Segment Start: EXERCISE DATA

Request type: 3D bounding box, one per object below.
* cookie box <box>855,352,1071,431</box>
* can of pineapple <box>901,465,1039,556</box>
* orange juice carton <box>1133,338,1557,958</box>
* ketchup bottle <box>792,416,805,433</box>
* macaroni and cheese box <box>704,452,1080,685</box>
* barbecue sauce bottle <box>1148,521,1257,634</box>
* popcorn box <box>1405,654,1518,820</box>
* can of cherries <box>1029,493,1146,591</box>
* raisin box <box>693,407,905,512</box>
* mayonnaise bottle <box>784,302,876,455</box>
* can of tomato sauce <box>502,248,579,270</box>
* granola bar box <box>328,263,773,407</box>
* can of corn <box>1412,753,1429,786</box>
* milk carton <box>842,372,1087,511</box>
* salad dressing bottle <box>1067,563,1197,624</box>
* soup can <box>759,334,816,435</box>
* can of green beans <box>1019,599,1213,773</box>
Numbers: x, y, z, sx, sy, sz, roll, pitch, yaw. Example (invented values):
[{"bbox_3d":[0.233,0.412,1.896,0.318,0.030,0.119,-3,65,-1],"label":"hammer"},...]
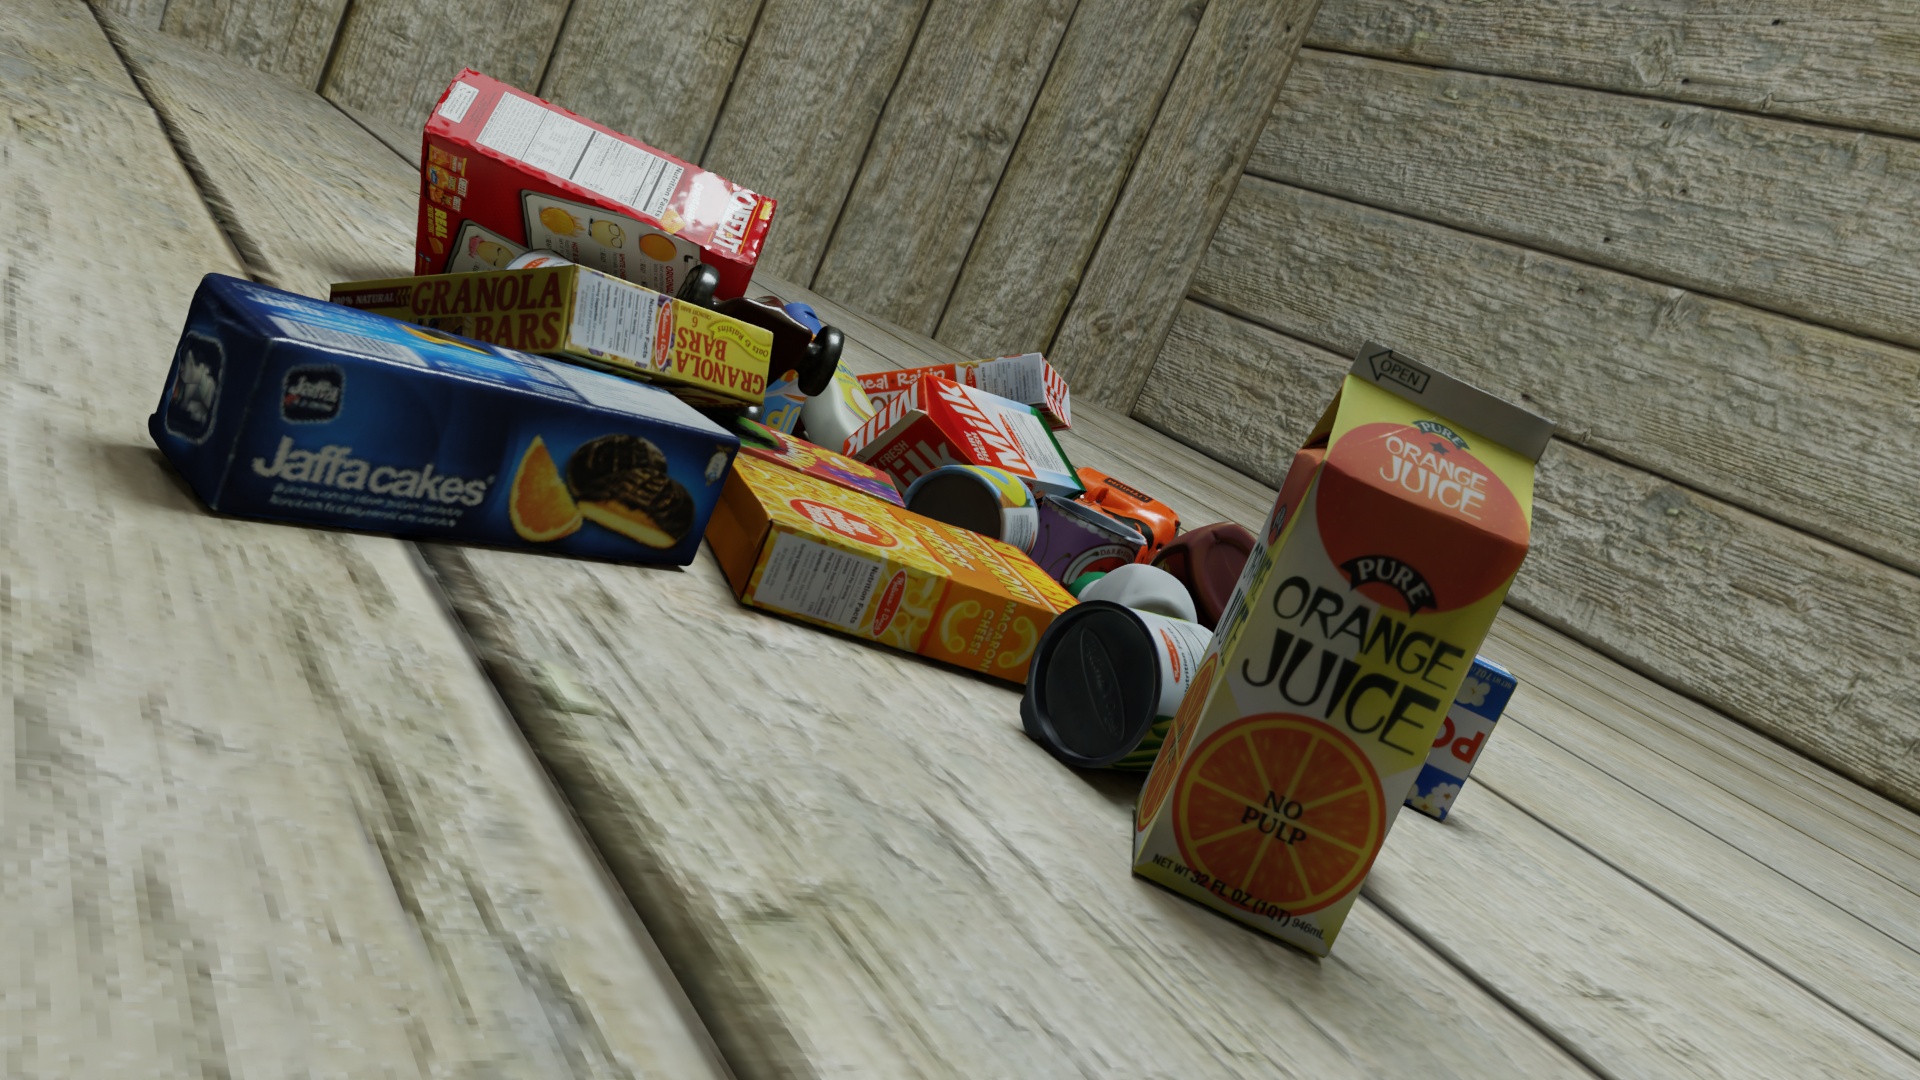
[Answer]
[{"bbox_3d":[-0.011,-0.100,1.028,0.167,0.040,0.123,-5,-5,12],"label":"cookie box"},{"bbox_3d":[0.003,-0.010,0.771,0.071,0.071,0.058,27,10,17],"label":"can of pineapple"},{"bbox_3d":[0.130,0.033,0.478,0.072,0.192,0.073,24,8,4],"label":"orange juice carton"},{"bbox_3d":[-0.130,-0.106,1.029,0.065,0.043,0.149,32,11,8],"label":"ketchup bottle"},{"bbox_3d":[-0.030,0.014,0.644,0.166,0.040,0.124,19,11,-24],"label":"macaroni and cheese box"},{"bbox_3d":[0.126,0.029,0.755,0.065,0.044,0.148,65,-11,2],"label":"barbecue sauce bottle"},{"bbox_3d":[0.216,0.081,0.738,0.127,0.085,0.038,25,10,6],"label":"popcorn box"},{"bbox_3d":[0.071,0.012,0.840,0.071,0.058,0.071,24,9,-4],"label":"can of cherries"},{"bbox_3d":[-0.096,-0.031,0.734,0.123,0.040,0.086,20,9,-14],"label":"raisin box"},{"bbox_3d":[-0.091,-0.101,0.944,0.064,0.041,0.148,26,29,-52],"label":"mayonnaise bottle"},{"bbox_3d":[-0.241,-0.136,0.870,0.083,0.071,0.071,30,11,26],"label":"can of tomato sauce"},{"bbox_3d":[-0.191,-0.089,0.645,0.165,0.039,0.124,3,-4,33],"label":"granola bar box"},{"bbox_3d":[0.152,0.097,0.584,0.071,0.058,0.071,24,10,-4],"label":"can of corn"},{"bbox_3d":[-0.004,-0.049,0.875,0.191,0.072,0.073,8,49,-59],"label":"milk carton"},{"bbox_3d":[0.083,0.041,0.724,0.044,0.064,0.148,24,2,-6],"label":"salad dressing bottle"},{"bbox_3d":[-0.127,-0.099,0.886,0.071,0.083,0.071,24,9,-4],"label":"soup can"},{"bbox_3d":[0.070,0.061,0.561,0.058,0.071,0.071,16,13,-45],"label":"can of green beans"}]

Segment End: EXERCISE DATA

● PROMPT:
The pictures alone are to be left out when the data above is copied; all else must match exactly.

● YOUR SOLUTION:
Request type: 3D bounding box, one per object below.
* cookie box <box>855,352,1071,431</box>
* can of pineapple <box>901,465,1039,556</box>
* orange juice carton <box>1133,338,1557,958</box>
* ketchup bottle <box>792,416,805,433</box>
* macaroni and cheese box <box>704,452,1080,685</box>
* barbecue sauce bottle <box>1148,521,1257,634</box>
* popcorn box <box>1405,654,1518,820</box>
* can of cherries <box>1029,493,1146,591</box>
* raisin box <box>693,407,905,512</box>
* mayonnaise bottle <box>784,302,876,455</box>
* can of tomato sauce <box>502,248,579,270</box>
* granola bar box <box>328,263,773,407</box>
* can of corn <box>1412,753,1429,786</box>
* milk carton <box>842,372,1087,511</box>
* salad dressing bottle <box>1067,563,1197,624</box>
* soup can <box>759,334,816,435</box>
* can of green beans <box>1019,599,1213,773</box>
Numbers: x, y, z, sx, sy, sz, roll, pitch, yaw. Example (invented values):
[{"bbox_3d":[0.233,0.412,1.896,0.318,0.030,0.119,-3,65,-1],"label":"hammer"},...]
[Answer]
[{"bbox_3d":[-0.011,-0.100,1.028,0.167,0.040,0.123,-5,-5,12],"label":"cookie box"},{"bbox_3d":[0.003,-0.010,0.771,0.071,0.071,0.058,27,10,17],"label":"can of pineapple"},{"bbox_3d":[0.130,0.033,0.478,0.072,0.192,0.073,24,8,4],"label":"orange juice carton"},{"bbox_3d":[-0.130,-0.106,1.029,0.065,0.043,0.149,32,11,8],"label":"ketchup bottle"},{"bbox_3d":[-0.030,0.014,0.644,0.166,0.040,0.124,19,11,-24],"label":"macaroni and cheese box"},{"bbox_3d":[0.126,0.029,0.755,0.065,0.044,0.148,65,-11,2],"label":"barbecue sauce bottle"},{"bbox_3d":[0.216,0.081,0.738,0.127,0.085,0.038,25,10,6],"label":"popcorn box"},{"bbox_3d":[0.071,0.012,0.840,0.071,0.058,0.071,24,9,-4],"label":"can of cherries"},{"bbox_3d":[-0.096,-0.031,0.734,0.123,0.040,0.086,20,9,-14],"label":"raisin box"},{"bbox_3d":[-0.091,-0.101,0.944,0.064,0.041,0.148,26,29,-52],"label":"mayonnaise bottle"},{"bbox_3d":[-0.241,-0.136,0.870,0.083,0.071,0.071,30,11,26],"label":"can of tomato sauce"},{"bbox_3d":[-0.191,-0.089,0.645,0.165,0.039,0.124,3,-4,33],"label":"granola bar box"},{"bbox_3d":[0.152,0.097,0.584,0.071,0.058,0.071,24,10,-4],"label":"can of corn"},{"bbox_3d":[-0.004,-0.049,0.875,0.191,0.072,0.073,8,49,-59],"label":"milk carton"},{"bbox_3d":[0.083,0.041,0.724,0.044,0.064,0.148,24,2,-6],"label":"salad dressing bottle"},{"bbox_3d":[-0.127,-0.099,0.886,0.071,0.083,0.071,24,9,-4],"label":"soup can"},{"bbox_3d":[0.070,0.061,0.561,0.058,0.071,0.071,16,13,-45],"label":"can of green beans"}]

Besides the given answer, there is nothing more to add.